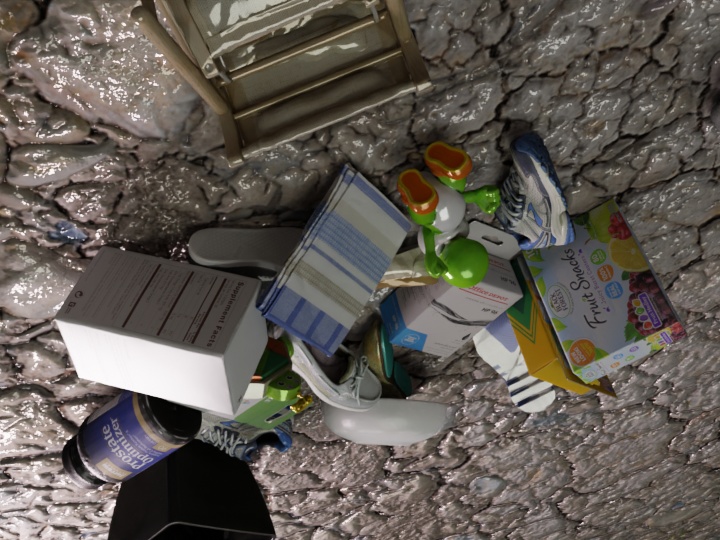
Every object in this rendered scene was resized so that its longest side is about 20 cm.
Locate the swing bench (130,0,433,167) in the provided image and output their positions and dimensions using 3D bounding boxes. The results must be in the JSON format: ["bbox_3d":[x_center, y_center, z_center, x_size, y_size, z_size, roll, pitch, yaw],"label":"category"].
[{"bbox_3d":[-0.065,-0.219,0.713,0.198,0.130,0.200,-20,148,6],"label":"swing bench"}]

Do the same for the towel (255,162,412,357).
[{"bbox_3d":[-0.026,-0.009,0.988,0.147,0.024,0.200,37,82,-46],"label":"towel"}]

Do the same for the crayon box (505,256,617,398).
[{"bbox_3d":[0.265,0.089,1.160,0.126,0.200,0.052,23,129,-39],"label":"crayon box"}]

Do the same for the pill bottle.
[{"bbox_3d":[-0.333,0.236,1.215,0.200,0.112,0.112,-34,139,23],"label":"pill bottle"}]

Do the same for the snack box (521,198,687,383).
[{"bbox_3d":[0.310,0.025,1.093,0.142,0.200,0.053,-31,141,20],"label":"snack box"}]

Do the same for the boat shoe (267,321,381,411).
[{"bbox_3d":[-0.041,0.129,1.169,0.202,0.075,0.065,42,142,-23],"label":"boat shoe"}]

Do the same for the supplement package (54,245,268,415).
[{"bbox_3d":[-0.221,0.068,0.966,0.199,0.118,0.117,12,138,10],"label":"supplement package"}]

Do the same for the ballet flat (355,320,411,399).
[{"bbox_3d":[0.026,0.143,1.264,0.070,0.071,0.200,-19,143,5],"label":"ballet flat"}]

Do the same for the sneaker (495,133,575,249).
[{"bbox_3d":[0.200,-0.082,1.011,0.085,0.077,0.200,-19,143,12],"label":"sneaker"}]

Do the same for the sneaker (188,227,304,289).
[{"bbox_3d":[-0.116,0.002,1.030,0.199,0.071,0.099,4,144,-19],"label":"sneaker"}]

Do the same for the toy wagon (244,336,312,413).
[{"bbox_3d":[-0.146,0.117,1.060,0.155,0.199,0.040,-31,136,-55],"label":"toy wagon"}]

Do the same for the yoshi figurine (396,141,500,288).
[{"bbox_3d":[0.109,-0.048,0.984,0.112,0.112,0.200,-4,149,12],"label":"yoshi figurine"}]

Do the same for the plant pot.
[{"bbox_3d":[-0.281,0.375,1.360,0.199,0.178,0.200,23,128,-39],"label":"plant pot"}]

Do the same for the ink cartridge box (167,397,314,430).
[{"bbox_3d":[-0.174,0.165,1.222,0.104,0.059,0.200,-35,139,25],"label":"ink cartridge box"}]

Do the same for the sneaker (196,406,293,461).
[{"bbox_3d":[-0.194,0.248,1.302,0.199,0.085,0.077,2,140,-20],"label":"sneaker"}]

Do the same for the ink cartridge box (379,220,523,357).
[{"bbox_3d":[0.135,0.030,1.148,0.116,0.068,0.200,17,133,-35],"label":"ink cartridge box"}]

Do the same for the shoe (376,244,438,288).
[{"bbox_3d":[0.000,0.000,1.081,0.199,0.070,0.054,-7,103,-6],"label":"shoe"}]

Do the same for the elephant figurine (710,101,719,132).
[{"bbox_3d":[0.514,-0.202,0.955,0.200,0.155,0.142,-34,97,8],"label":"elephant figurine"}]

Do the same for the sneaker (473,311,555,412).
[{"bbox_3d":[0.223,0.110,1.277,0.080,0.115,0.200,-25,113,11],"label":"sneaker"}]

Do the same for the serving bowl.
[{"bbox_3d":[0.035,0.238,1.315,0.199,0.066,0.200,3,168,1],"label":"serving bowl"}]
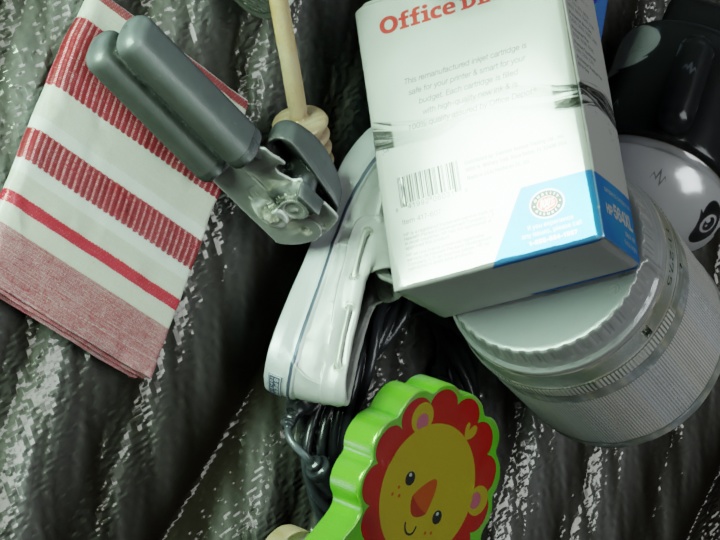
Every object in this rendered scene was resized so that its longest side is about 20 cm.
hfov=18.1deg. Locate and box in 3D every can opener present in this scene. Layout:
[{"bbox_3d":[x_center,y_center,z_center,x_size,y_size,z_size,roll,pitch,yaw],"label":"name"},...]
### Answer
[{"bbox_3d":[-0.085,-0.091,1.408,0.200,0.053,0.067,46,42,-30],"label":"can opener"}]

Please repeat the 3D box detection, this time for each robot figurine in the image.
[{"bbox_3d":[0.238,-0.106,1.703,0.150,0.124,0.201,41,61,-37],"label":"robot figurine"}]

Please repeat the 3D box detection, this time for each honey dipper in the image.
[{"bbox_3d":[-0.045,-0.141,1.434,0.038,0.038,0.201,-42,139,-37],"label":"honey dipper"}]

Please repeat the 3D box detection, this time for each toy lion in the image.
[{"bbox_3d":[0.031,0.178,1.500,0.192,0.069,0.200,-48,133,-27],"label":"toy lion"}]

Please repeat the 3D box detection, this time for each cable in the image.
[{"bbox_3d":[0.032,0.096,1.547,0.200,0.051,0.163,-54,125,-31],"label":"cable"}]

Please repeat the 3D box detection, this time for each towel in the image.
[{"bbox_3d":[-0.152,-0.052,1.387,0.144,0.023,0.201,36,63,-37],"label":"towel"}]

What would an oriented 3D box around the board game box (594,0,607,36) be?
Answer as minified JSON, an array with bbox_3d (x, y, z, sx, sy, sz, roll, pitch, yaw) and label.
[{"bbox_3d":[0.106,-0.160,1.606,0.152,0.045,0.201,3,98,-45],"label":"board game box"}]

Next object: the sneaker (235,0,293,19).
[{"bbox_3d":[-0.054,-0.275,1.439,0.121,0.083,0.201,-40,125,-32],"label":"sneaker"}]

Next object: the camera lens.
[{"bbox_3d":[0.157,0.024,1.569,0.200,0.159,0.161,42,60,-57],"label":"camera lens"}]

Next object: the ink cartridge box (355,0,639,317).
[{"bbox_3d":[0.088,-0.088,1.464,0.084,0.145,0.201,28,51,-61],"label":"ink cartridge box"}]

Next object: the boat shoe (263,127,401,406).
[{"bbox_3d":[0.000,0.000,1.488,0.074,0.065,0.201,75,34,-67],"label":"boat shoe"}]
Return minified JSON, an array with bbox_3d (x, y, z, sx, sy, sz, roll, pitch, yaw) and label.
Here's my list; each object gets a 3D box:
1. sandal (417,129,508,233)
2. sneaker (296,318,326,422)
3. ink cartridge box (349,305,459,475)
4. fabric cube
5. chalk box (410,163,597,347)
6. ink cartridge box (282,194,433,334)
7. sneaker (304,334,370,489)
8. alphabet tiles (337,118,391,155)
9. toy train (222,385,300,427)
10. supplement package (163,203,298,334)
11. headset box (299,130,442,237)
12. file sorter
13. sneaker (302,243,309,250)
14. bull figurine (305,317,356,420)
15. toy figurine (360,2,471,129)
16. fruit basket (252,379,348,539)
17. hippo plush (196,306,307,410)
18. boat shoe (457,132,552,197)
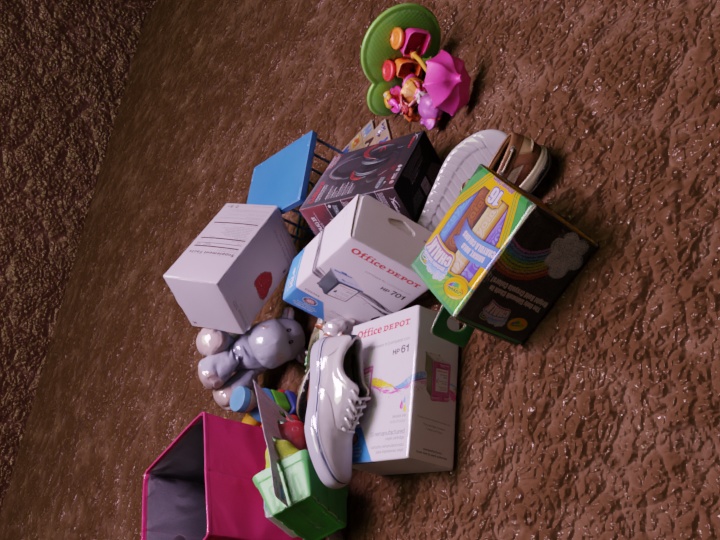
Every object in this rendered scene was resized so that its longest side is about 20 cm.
----
▶ _Task goal_: Whatever the records hold apart from pictures should be repeated exactly.

▶ _Exercise answer_:
Every object in this rendered scene was resized so that its longest side is about 20 cm.
Locate the swing bench (130,0,433,167) in the provided image and output their positions and dimensions using 3D bounding boxes. The results must be in the JSON format: ["bbox_3d":[x_center, y_center, z_center, x_size, y_size, z_size, roll, pitch, yaw],"label":"category"].
[{"bbox_3d":[-0.065,-0.219,0.713,0.198,0.130,0.200,-20,148,6],"label":"swing bench"}]

Do the same for the towel (255,162,412,357).
[{"bbox_3d":[-0.026,-0.009,0.988,0.147,0.024,0.200,37,82,-46],"label":"towel"}]

Do the same for the crayon box (505,256,617,398).
[{"bbox_3d":[0.265,0.089,1.160,0.126,0.200,0.052,23,129,-39],"label":"crayon box"}]

Do the same for the pill bottle.
[{"bbox_3d":[-0.333,0.236,1.215,0.200,0.112,0.112,-34,139,23],"label":"pill bottle"}]

Do the same for the snack box (521,198,687,383).
[{"bbox_3d":[0.310,0.025,1.093,0.142,0.200,0.053,-31,141,20],"label":"snack box"}]

Do the same for the boat shoe (267,321,381,411).
[{"bbox_3d":[-0.041,0.129,1.169,0.202,0.075,0.065,42,142,-23],"label":"boat shoe"}]

Do the same for the supplement package (54,245,268,415).
[{"bbox_3d":[-0.221,0.068,0.966,0.199,0.118,0.117,12,138,10],"label":"supplement package"}]

Do the same for the ballet flat (355,320,411,399).
[{"bbox_3d":[0.026,0.143,1.264,0.070,0.071,0.200,-19,143,5],"label":"ballet flat"}]

Do the same for the sneaker (495,133,575,249).
[{"bbox_3d":[0.200,-0.082,1.011,0.085,0.077,0.200,-19,143,12],"label":"sneaker"}]

Do the same for the sneaker (188,227,304,289).
[{"bbox_3d":[-0.116,0.002,1.030,0.199,0.071,0.099,4,144,-19],"label":"sneaker"}]

Do the same for the toy wagon (244,336,312,413).
[{"bbox_3d":[-0.146,0.117,1.060,0.155,0.199,0.040,-31,136,-55],"label":"toy wagon"}]

Do the same for the yoshi figurine (396,141,500,288).
[{"bbox_3d":[0.109,-0.048,0.984,0.112,0.112,0.200,-4,149,12],"label":"yoshi figurine"}]

Do the same for the plant pot.
[{"bbox_3d":[-0.281,0.375,1.360,0.199,0.178,0.200,23,128,-39],"label":"plant pot"}]

Do the same for the ink cartridge box (167,397,314,430).
[{"bbox_3d":[-0.174,0.165,1.222,0.104,0.059,0.200,-35,139,25],"label":"ink cartridge box"}]

Do the same for the sneaker (196,406,293,461).
[{"bbox_3d":[-0.194,0.248,1.302,0.199,0.085,0.077,2,140,-20],"label":"sneaker"}]

Do the same for the ink cartridge box (379,220,523,357).
[{"bbox_3d":[0.135,0.030,1.148,0.116,0.068,0.200,17,133,-35],"label":"ink cartridge box"}]

Do the same for the shoe (376,244,438,288).
[{"bbox_3d":[0.000,0.000,1.081,0.199,0.070,0.054,-7,103,-6],"label":"shoe"}]

Do the same for the elephant figurine (710,101,719,132).
[{"bbox_3d":[0.514,-0.202,0.955,0.200,0.155,0.142,-34,97,8],"label":"elephant figurine"}]

Do the same for the sneaker (473,311,555,412).
[{"bbox_3d":[0.223,0.110,1.277,0.080,0.115,0.200,-25,113,11],"label":"sneaker"}]

Do the same for the serving bowl.
[{"bbox_3d":[0.035,0.238,1.315,0.199,0.066,0.200,3,168,1],"label":"serving bowl"}]
Every object in this rendered scene was resized so that its longest side is about 20 cm.
hfov=18.1deg. Locate and box in 3D every can opener present in this scene. Layout:
[{"bbox_3d":[x_center,y_center,z_center,x_size,y_size,z_size,roll,pitch,yaw],"label":"name"},...]
### Answer
[{"bbox_3d":[-0.085,-0.091,1.408,0.200,0.053,0.067,46,42,-30],"label":"can opener"}]

Please repeat the 3D box detection, this time for each robot figurine in the image.
[{"bbox_3d":[0.238,-0.106,1.703,0.150,0.124,0.201,41,61,-37],"label":"robot figurine"}]

Please repeat the 3D box detection, this time for each honey dipper in the image.
[{"bbox_3d":[-0.045,-0.141,1.434,0.038,0.038,0.201,-42,139,-37],"label":"honey dipper"}]

Please repeat the 3D box detection, this time for each toy lion in the image.
[{"bbox_3d":[0.031,0.178,1.500,0.192,0.069,0.200,-48,133,-27],"label":"toy lion"}]

Please repeat the 3D box detection, this time for each cable in the image.
[{"bbox_3d":[0.032,0.096,1.547,0.200,0.051,0.163,-54,125,-31],"label":"cable"}]

Please repeat the 3D box detection, this time for each towel in the image.
[{"bbox_3d":[-0.152,-0.052,1.387,0.144,0.023,0.201,36,63,-37],"label":"towel"}]

What would an oriented 3D box around the board game box (594,0,607,36) be?
Answer as minified JSON, an array with bbox_3d (x, y, z, sx, sy, sz, roll, pitch, yaw) and label.
[{"bbox_3d":[0.106,-0.160,1.606,0.152,0.045,0.201,3,98,-45],"label":"board game box"}]

Next object: the sneaker (235,0,293,19).
[{"bbox_3d":[-0.054,-0.275,1.439,0.121,0.083,0.201,-40,125,-32],"label":"sneaker"}]

Next object: the camera lens.
[{"bbox_3d":[0.157,0.024,1.569,0.200,0.159,0.161,42,60,-57],"label":"camera lens"}]

Next object: the ink cartridge box (355,0,639,317).
[{"bbox_3d":[0.088,-0.088,1.464,0.084,0.145,0.201,28,51,-61],"label":"ink cartridge box"}]

Next object: the boat shoe (263,127,401,406).
[{"bbox_3d":[0.000,0.000,1.488,0.074,0.065,0.201,75,34,-67],"label":"boat shoe"}]
Return minified JSON, an array with bbox_3d (x, y, z, sx, sy, sz, roll, pitch, yaw) and label.
Here's my list; each object gets a 3D box:
1. sandal (417,129,508,233)
2. sneaker (296,318,326,422)
3. ink cartridge box (349,305,459,475)
4. fabric cube
5. chalk box (410,163,597,347)
6. ink cartridge box (282,194,433,334)
7. sneaker (304,334,370,489)
8. alphabet tiles (337,118,391,155)
9. toy train (222,385,300,427)
10. supplement package (163,203,298,334)
11. headset box (299,130,442,237)
12. file sorter
13. sneaker (302,243,309,250)
14. bull figurine (305,317,356,420)
15. toy figurine (360,2,471,129)
16. fruit basket (252,379,348,539)
17. hippo plush (196,306,307,410)
18. boat shoe (457,132,552,197)
Every object in this rendered scene was resized so that its longest side is about 20 cm.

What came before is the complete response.